What is needed is an exact transcription of the listing, with the images removed.

| Supplied entries |
☆ ☆ ☆ ☆ ☆ ☆ ☆

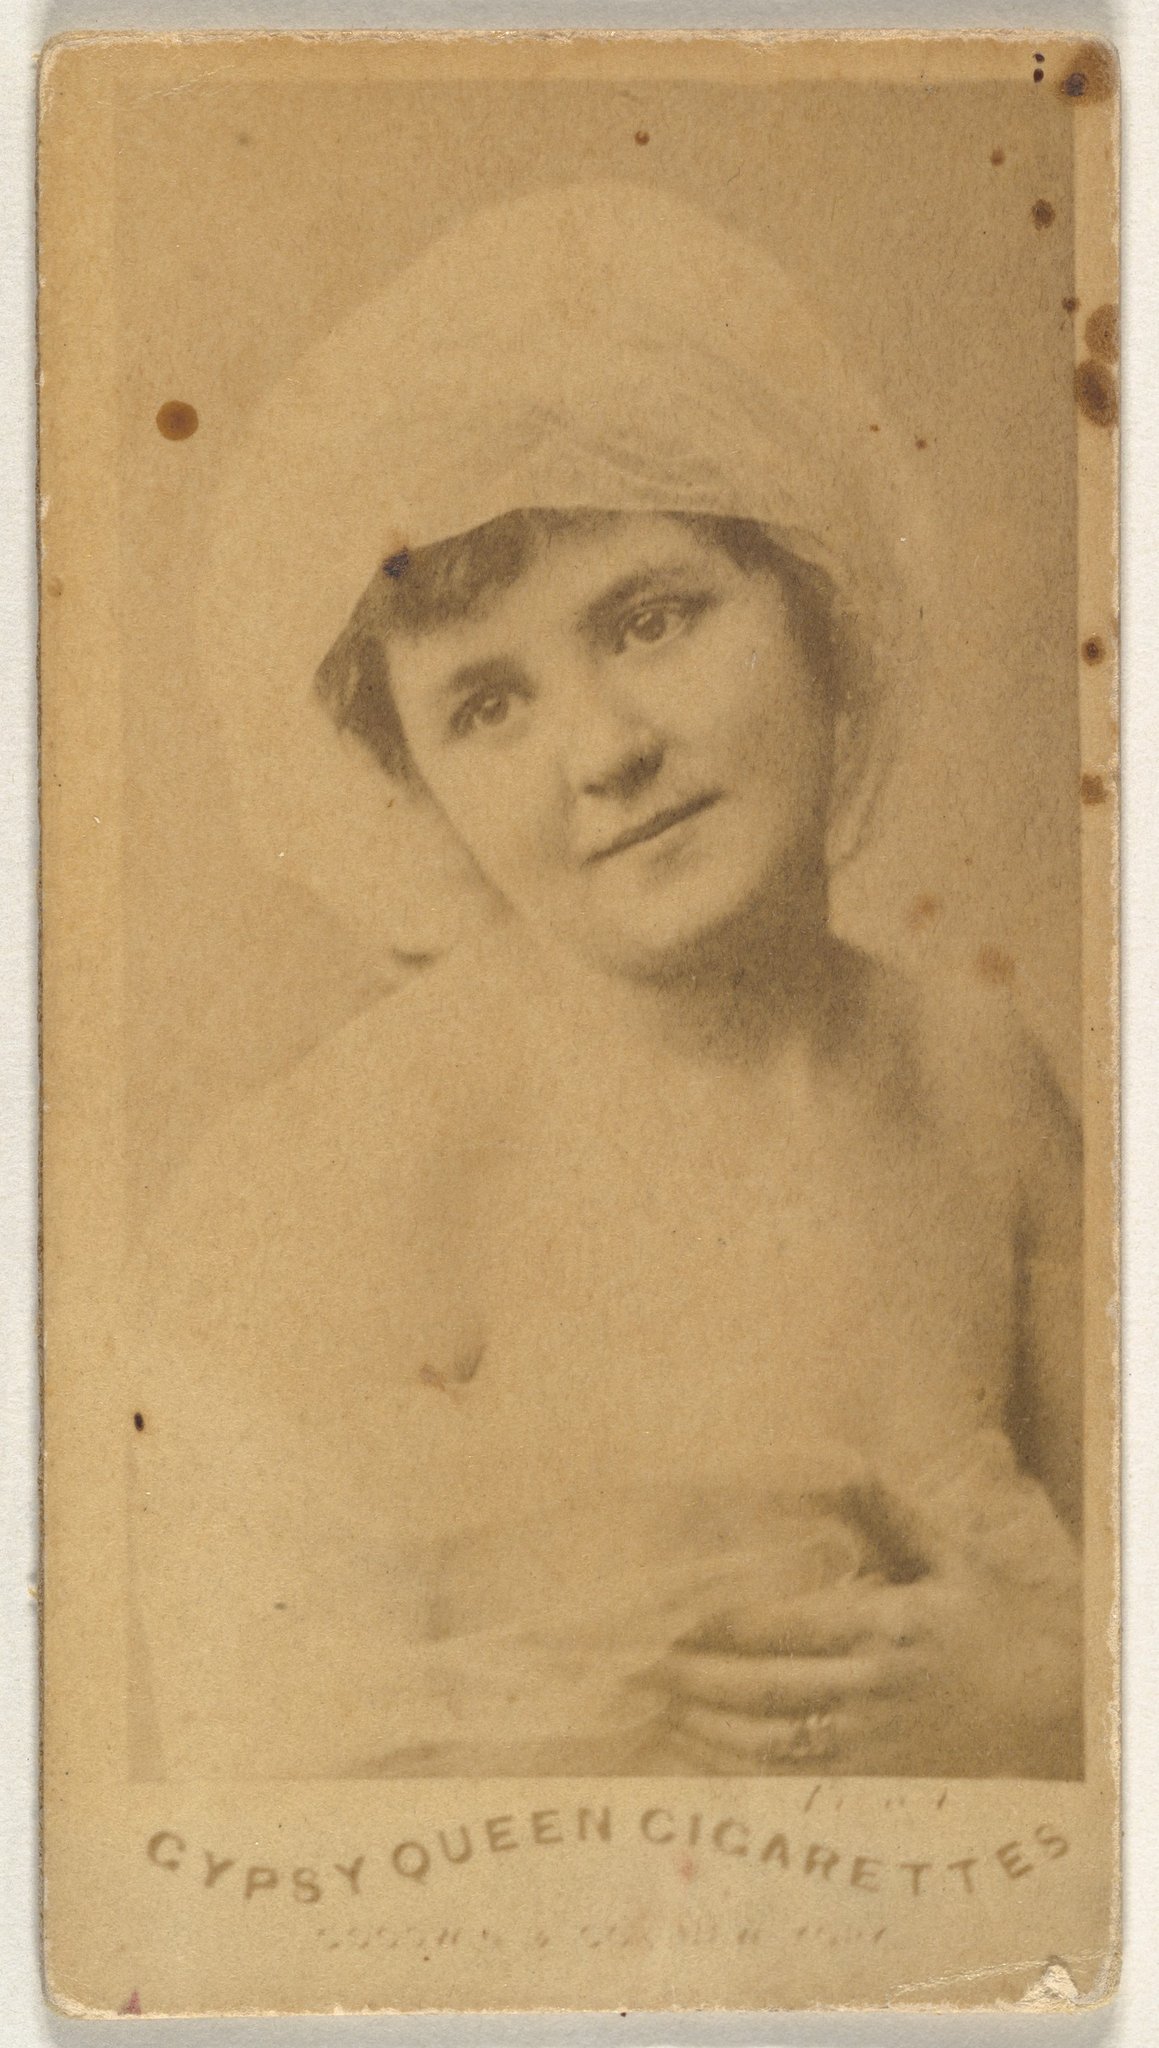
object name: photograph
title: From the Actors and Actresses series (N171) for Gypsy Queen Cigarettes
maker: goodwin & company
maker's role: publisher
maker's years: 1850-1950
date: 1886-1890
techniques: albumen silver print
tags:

☆ ☆ ☆ ☆ ☆ ☆ ☆

| Response area |
object name: photograph
title: From the Actors and Actresses series (N171) for Gypsy Queen Cigarettes
maker: goodwin & company
maker's role: publisher
maker's years: 1850-1950
date: 1886-1890
techniques: albumen silver print
tags:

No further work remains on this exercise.